- What the task requires: In the listing that follows, count every line holding the word "agent" and give only the count.

(Exercise material)

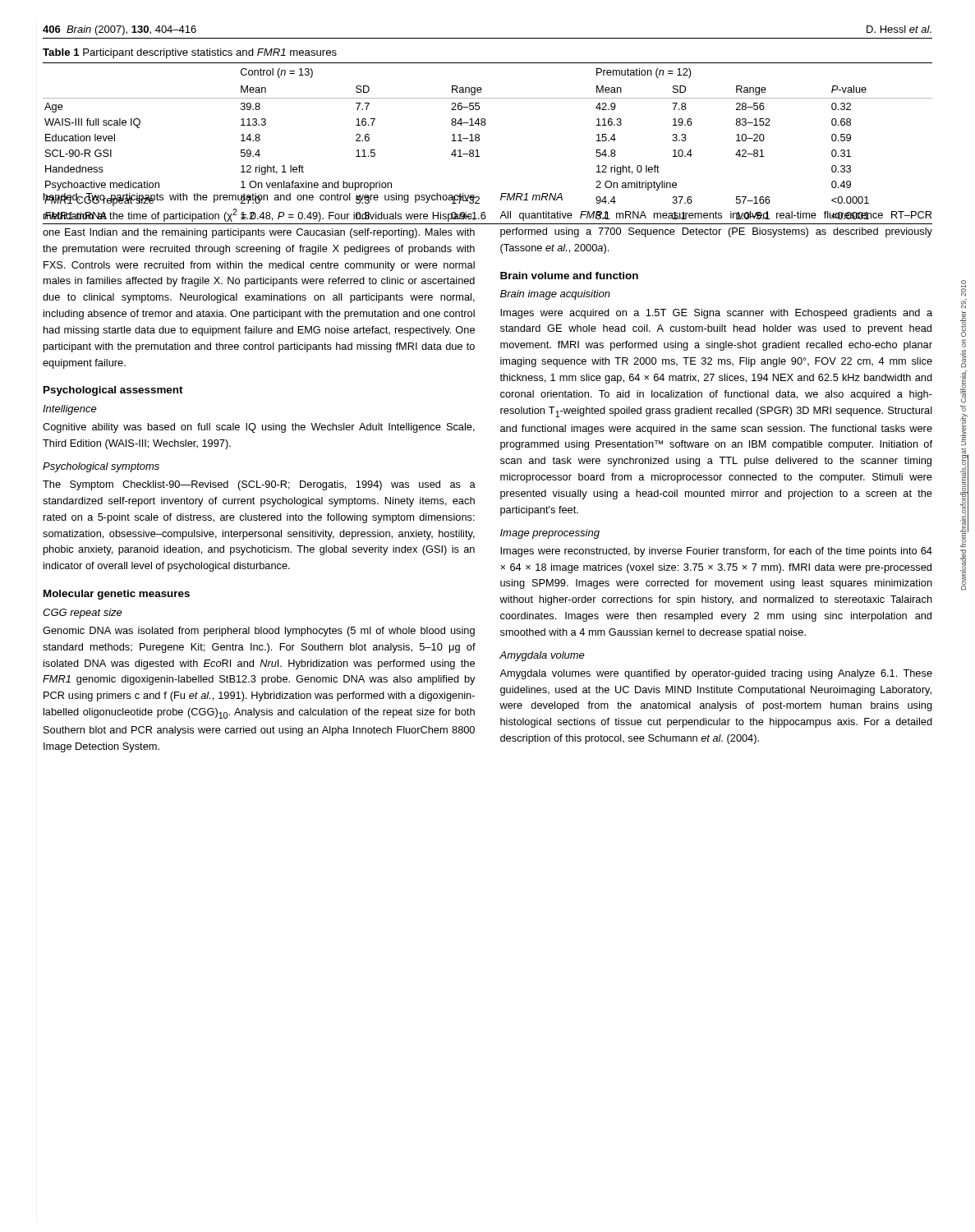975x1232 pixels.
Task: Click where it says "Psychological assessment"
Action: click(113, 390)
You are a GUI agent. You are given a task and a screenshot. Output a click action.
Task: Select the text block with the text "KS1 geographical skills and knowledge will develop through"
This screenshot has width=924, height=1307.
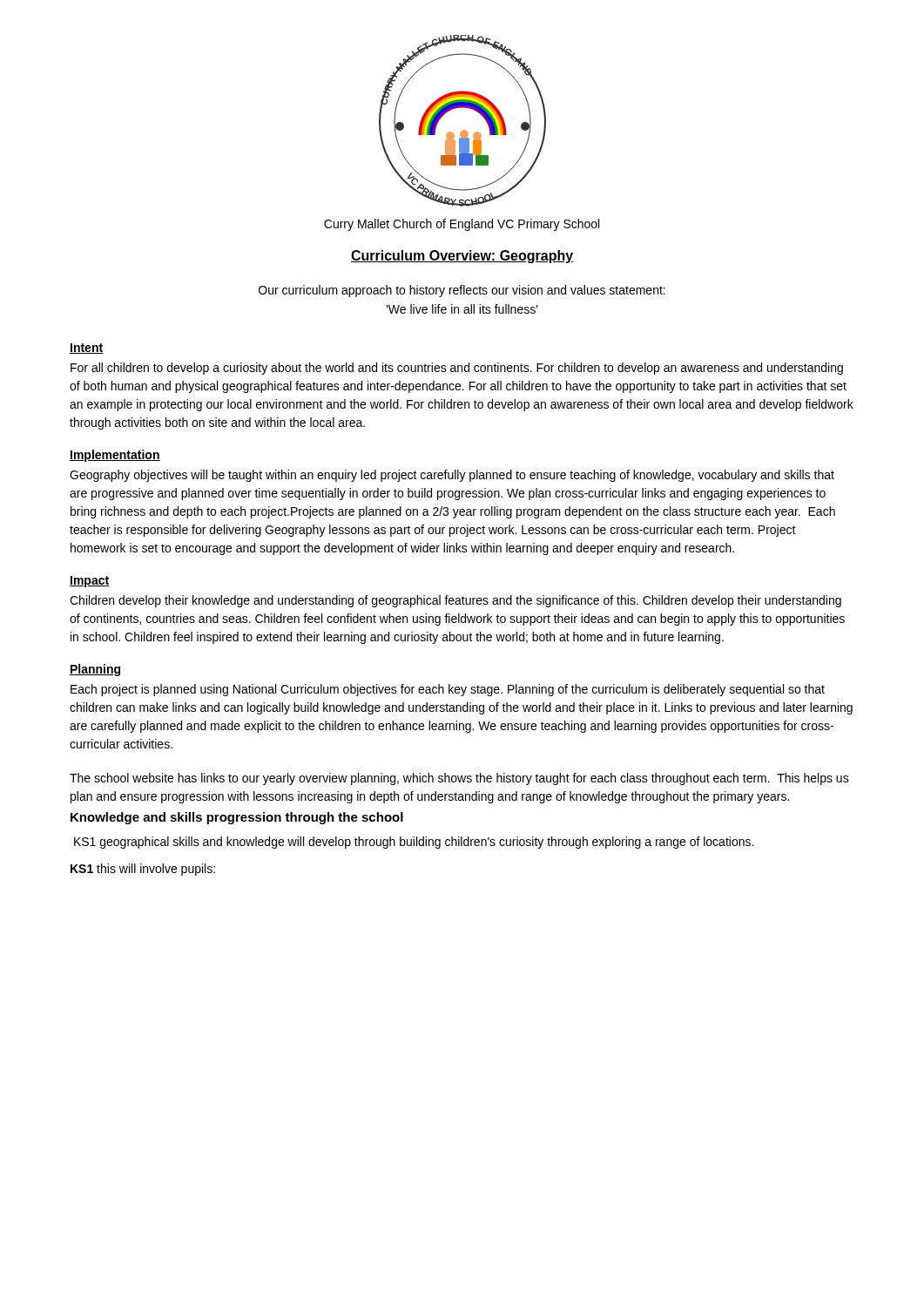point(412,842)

(End Exercise material)
(Exercise material)

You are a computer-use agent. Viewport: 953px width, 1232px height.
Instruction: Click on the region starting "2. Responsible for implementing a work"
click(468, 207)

(End Exercise material)
(Exercise material)

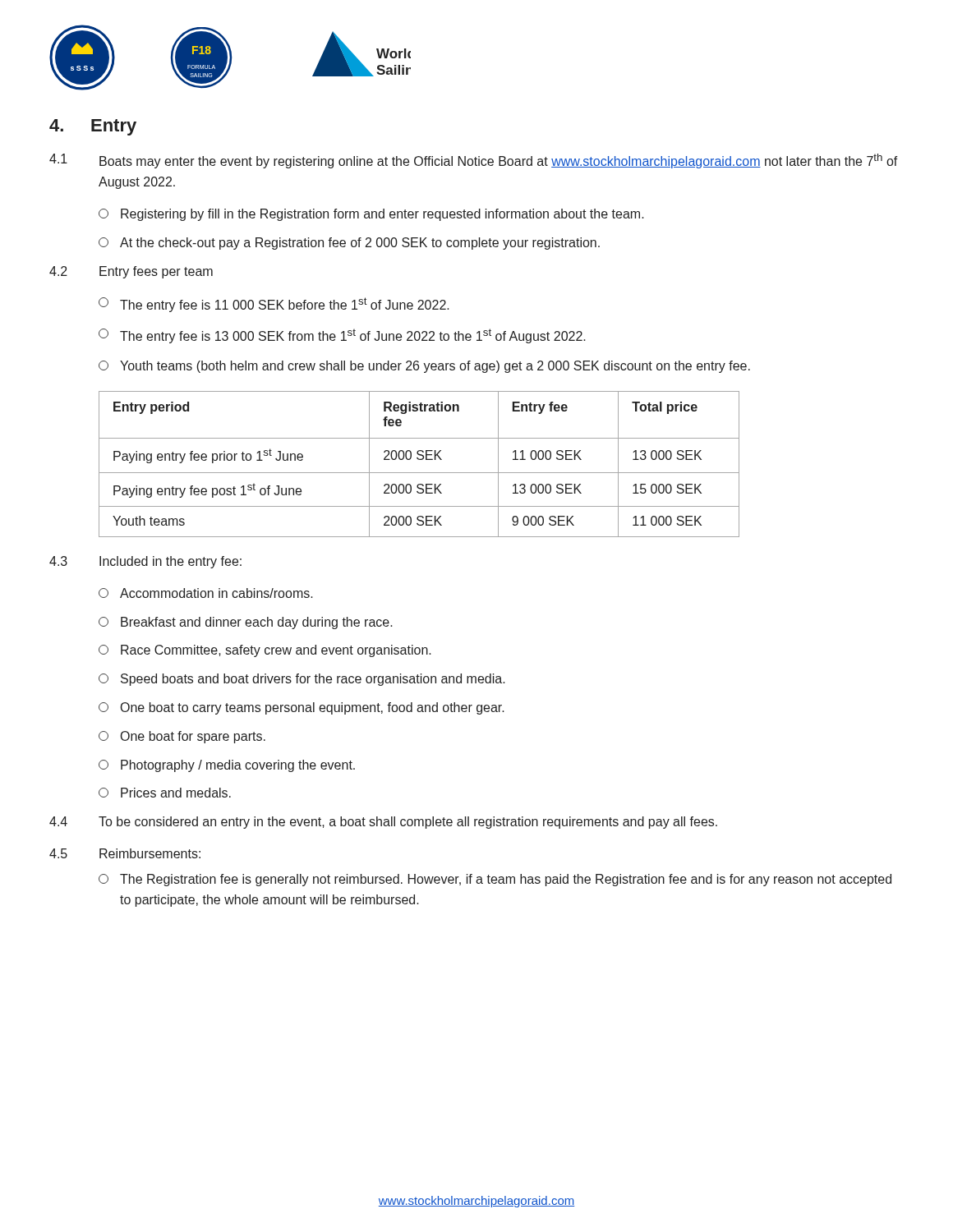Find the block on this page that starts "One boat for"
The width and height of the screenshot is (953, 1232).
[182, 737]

(End Exercise material)

- Your response: 2